Daftar panduan wawancara memuat pokok – pokok pertanyaan yang akan diajukan kepada responden terkait tujuan penelitian. Pokok – pokok pertanyaan memuat tentang pelayanan kefarmasian dalam hal informasi obat yang

diberikan oleh apoteker kepada konsumen yang mengacu pada Kepmenkes RI No.
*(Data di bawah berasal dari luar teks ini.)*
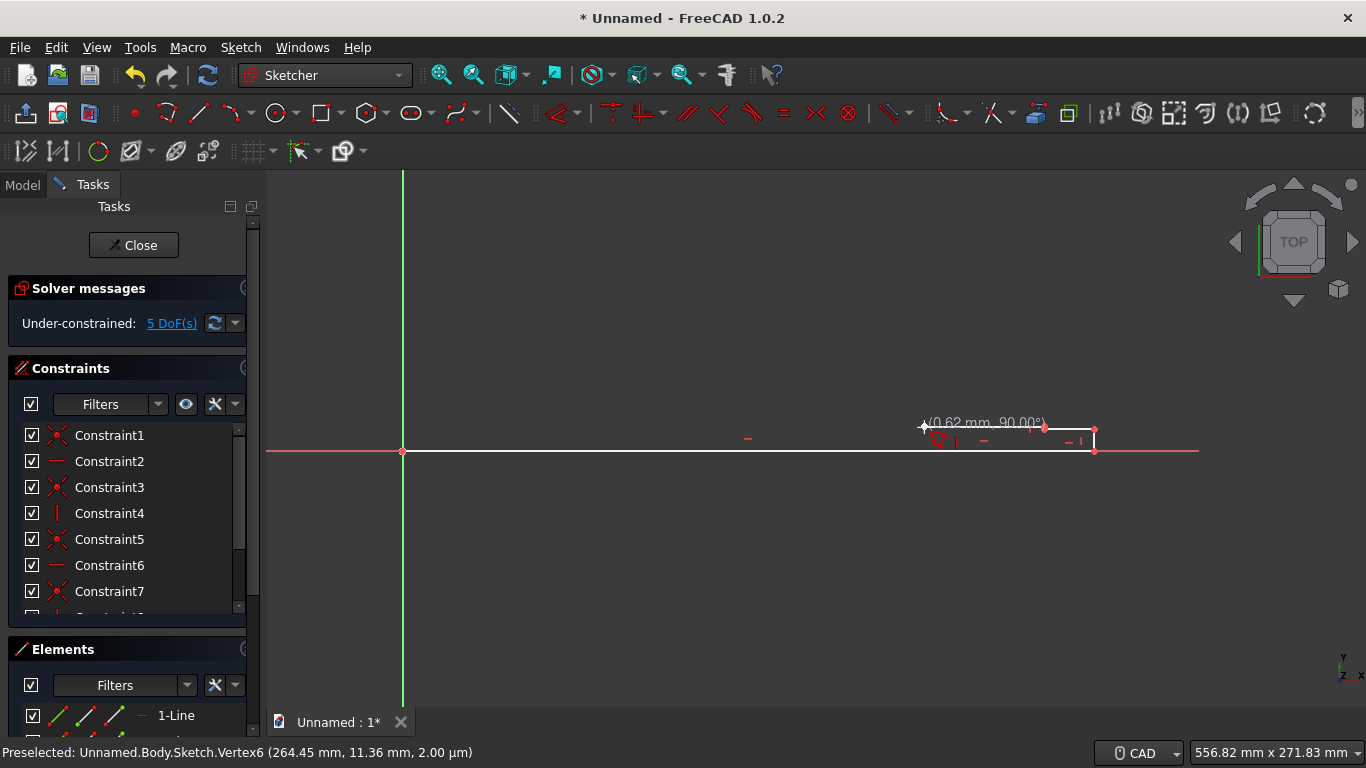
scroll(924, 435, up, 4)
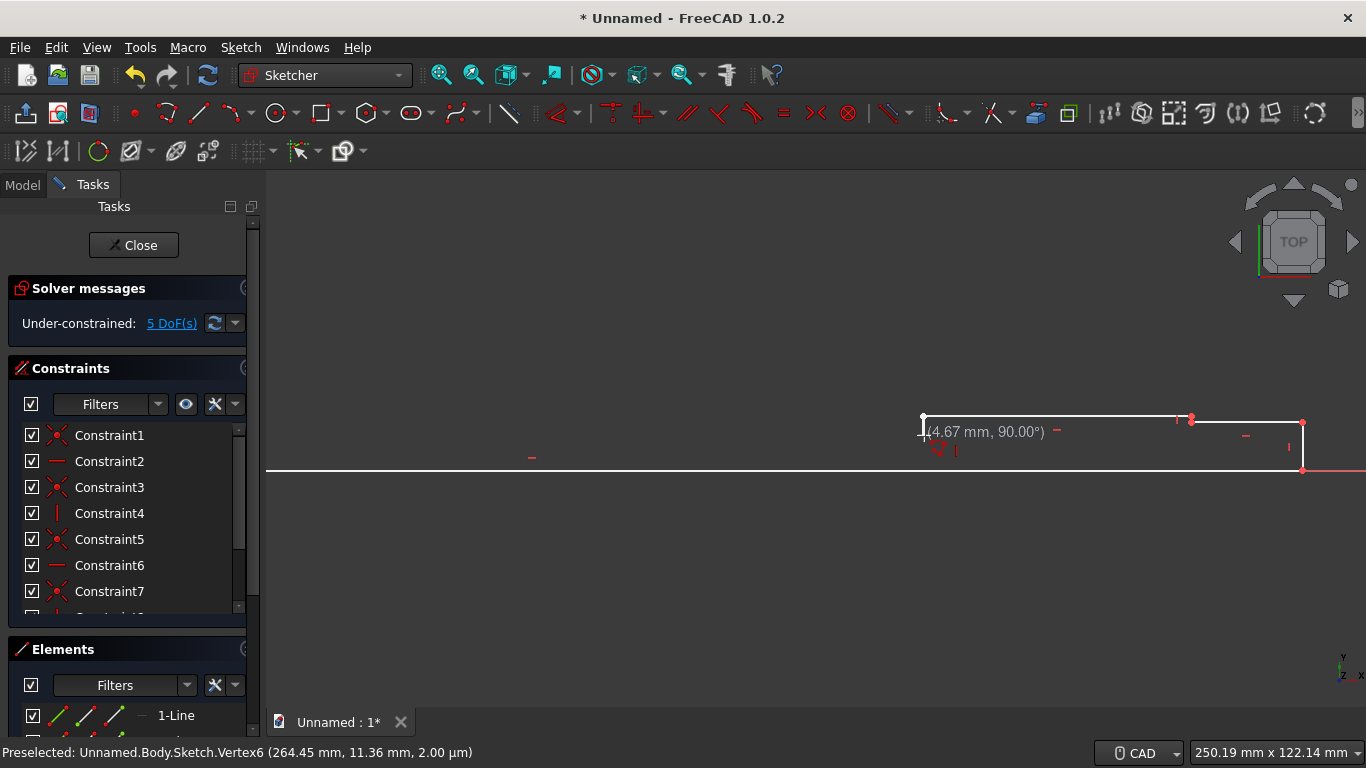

1027 tahun 2004 tentang Standar Pelayanan Kefarmasian di Apotek. Kriteria – kriteria tersebut antara lain cara pemakaian obat, cara penyimpanan obat, jangka

waktu pengobatan, dan aktivitas serta makanan dan minuman yang harus

dihindari selama proses terapi.

d. Pengujian Daftar Panduan Wawancara

1). Uji pemahaman bahasa

Fungsi uji pemahaman bahasa adalah untuk mengetahui sejauh mana

bahasa penyusun pertanyaan yang terdapat dalam daftar panduan wawancara

dapat dipahami oleh responden. Uji pemahaman bahasa dilakukan dengan

meminta beberapa teman untuk memahami cara peneliti membacakan daftar

pertanyaan yang sudah disusun.

2). Uji validitas isi

Daftar panduan wawancara perlu diuji validitasnya untuk mengetahui

kejelasan tujuan dan lingkup informasi yang hendak diungkap, yaitu sejauh

mana item – item pertanyaan yang ada dapat mencakup seluruh kawasan isi obyek yang hendak diukur. Jenis uji validitas yang digunakan adalah content

validity, instrumen yang dipakai telah mencakup semua hal yang perlu diukur

dan face validity, suatu instrumen nampak valid jika dibaca sepintas. Uji

validitas isi kuisoner dilakukan berdasarkan analisis rasional dengan

professional judgment oleh 3 apoteker.

2. Tahap pengumpulan data

Metode pengumpulan data yang digunakan berupa metode wawancara

terstruktur. Metode wawancara terstruktur adalah wawancara yang dilaksanakan

secara terencana menggunakan daftar panduan pertanyaan yang telah

dipersiapkan. Setiap hasil wawancara didengar dan dicermati dengan seksama, hal

– hal penting yang didapat pada saat wawancara dicatat oleh peneliti. Untuk mencegah terlewatnya informasi yang didapat pada saat wawancara, peneliti

kembali melakukan kroscek hasil wawancara dengan responden setelah selesai

melakukan wawancara. Untuk menjamin kebenaran mengenai informasi yang

diberikan responden pada saat wawancara, peneliti membuat surat pernyataan

kebenaran hasil wawancara untuk ditandatangani oleh responden.

3. Tahap pengolahan data

Pengolahan data meliputi: editing, coding, dan tabulating. Data yang

diperoleh selanjutnya dianalisis secara non statistik dengan membaca tabel – tabel, grafik atau angka yang tersedia lalu dilakukan penguraian. Gambar dan

tabel menggambarkan tingkat kehadiran responden, ketersediaan, dan

kelengkapan pelayanan informasi obat berdasarkan Kepmenkes RI No. 1027

tahun 2004 tentang Standar Pelayanan Kefarmasian di Apotek.